## REQUIRED ACTION
Copy every entry below verbatim, except for images.

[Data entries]
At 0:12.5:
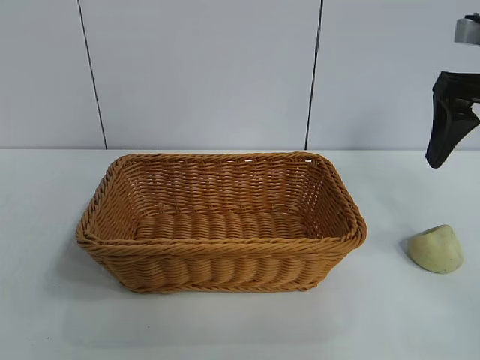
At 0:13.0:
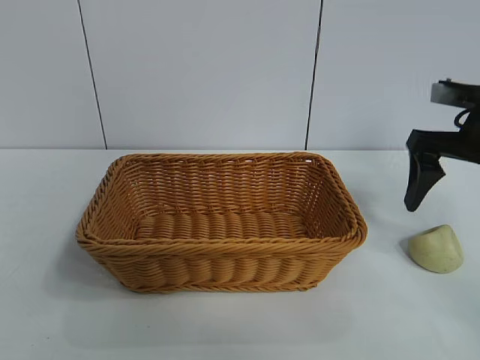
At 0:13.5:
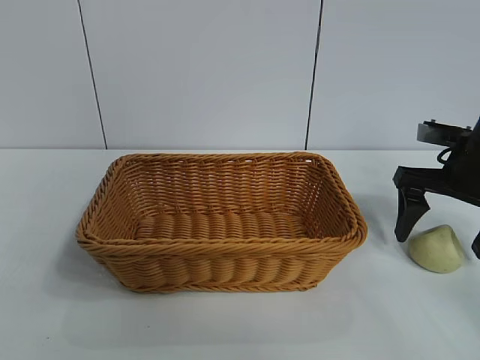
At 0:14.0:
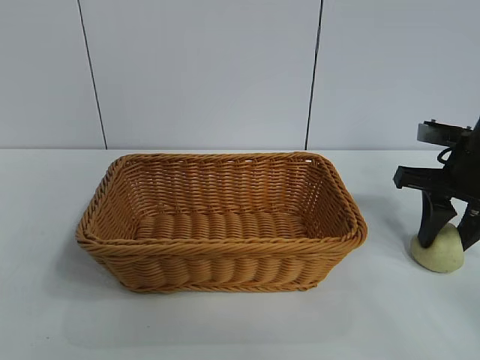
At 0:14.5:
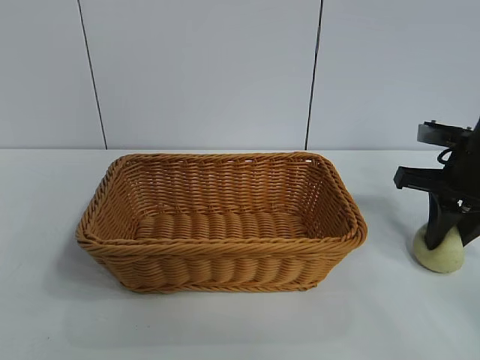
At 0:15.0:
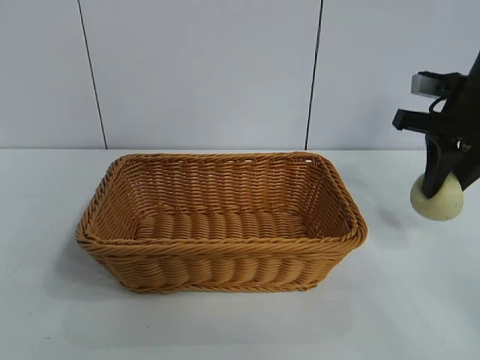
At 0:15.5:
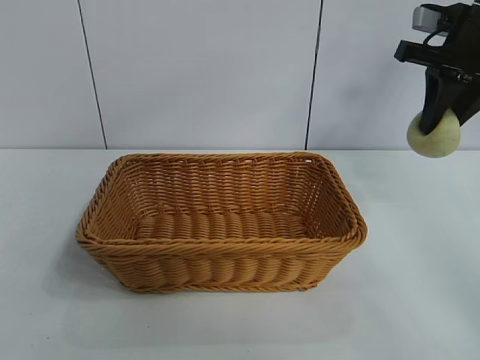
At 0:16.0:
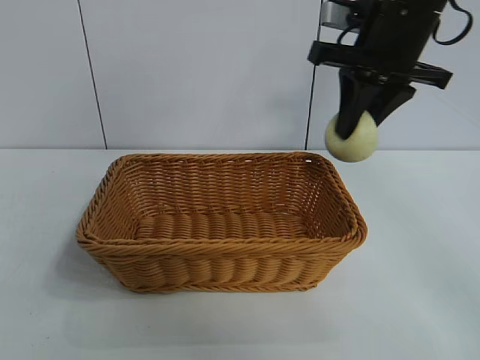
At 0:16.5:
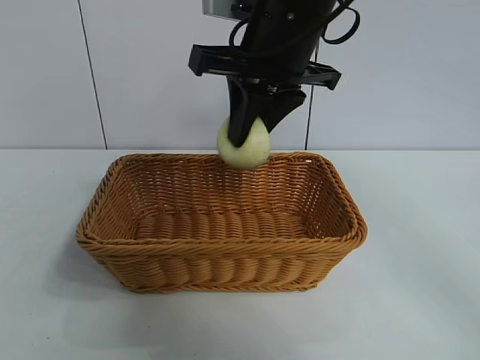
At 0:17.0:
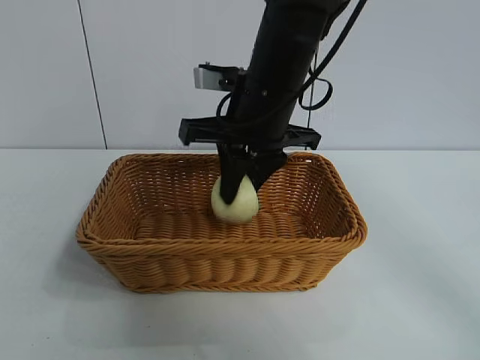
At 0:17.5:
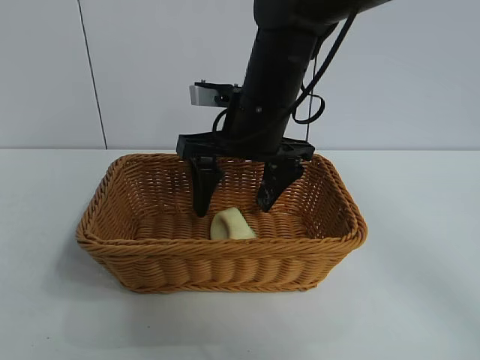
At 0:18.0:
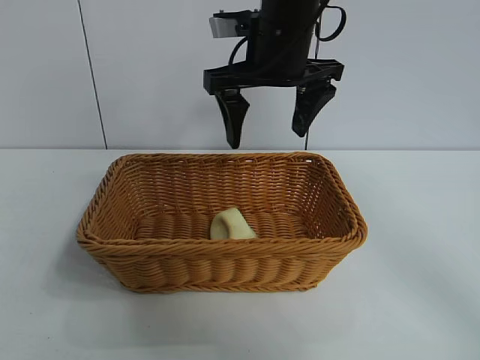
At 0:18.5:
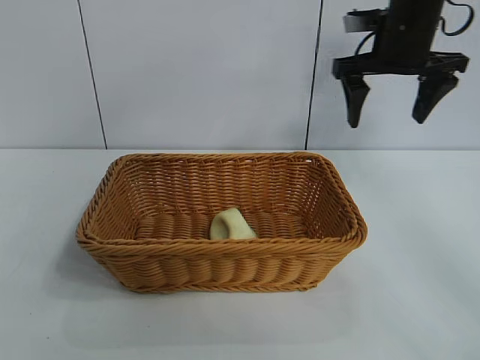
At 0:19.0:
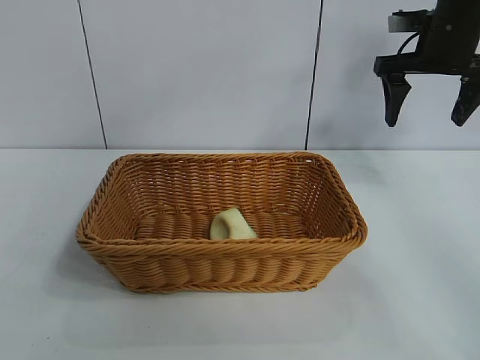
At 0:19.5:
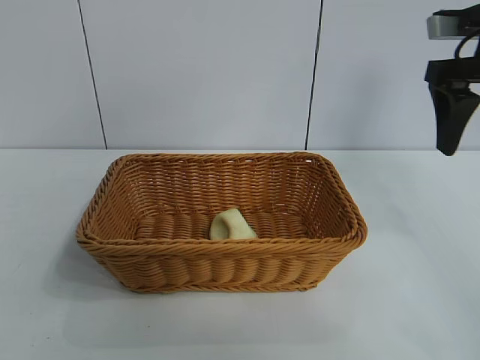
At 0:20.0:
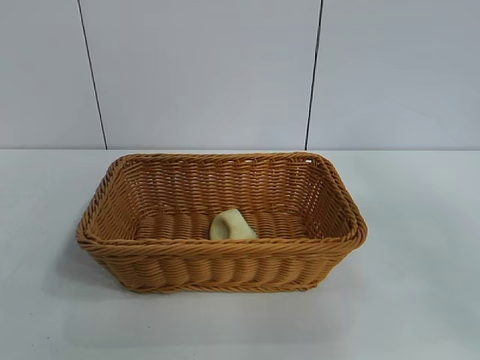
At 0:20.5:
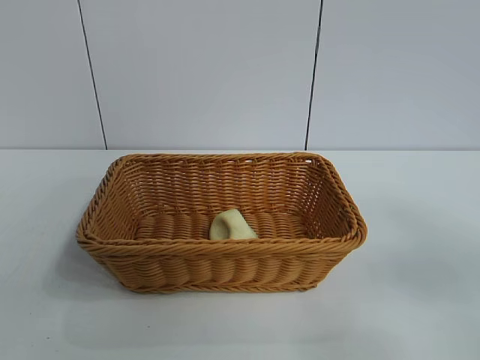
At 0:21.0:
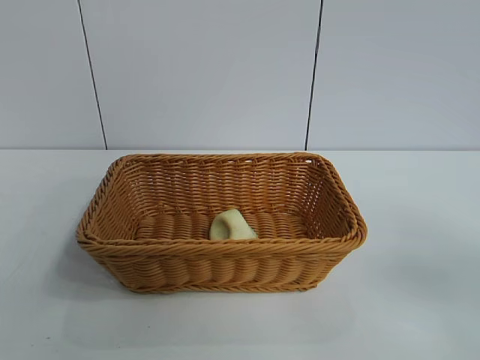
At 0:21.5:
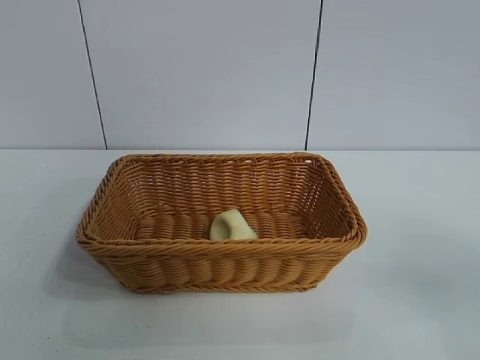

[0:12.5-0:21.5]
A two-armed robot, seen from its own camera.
Task of the whole recording: pick up the egg yolk pastry and put it into the basket.
Step, 0:14.5 to 0:17.0: Place the egg yolk pastry in the basket with right gripper.

## SOLUTION TO THE PROBLEM
At 0:12.5:
At 0:13.0:
At 0:13.5:
At 0:14.0:
At 0:14.5:
At 0:15.0:
At 0:15.5:
At 0:16.0:
At 0:16.5:
At 0:17.0:
At 0:17.5:
At 0:18.0:
At 0:18.5:
At 0:19.0:
At 0:19.5:
At 0:20.0:
At 0:20.5:
At 0:21.0:
At 0:21.5:

[0:12.5-0:21.5]
A two-armed robot, seen from its own camera.
Task of the whole recording: pick up the egg yolk pastry and put it into the basket.
Step, 0:14.5 to 0:17.0: Place the egg yolk pastry in the basket with right gripper.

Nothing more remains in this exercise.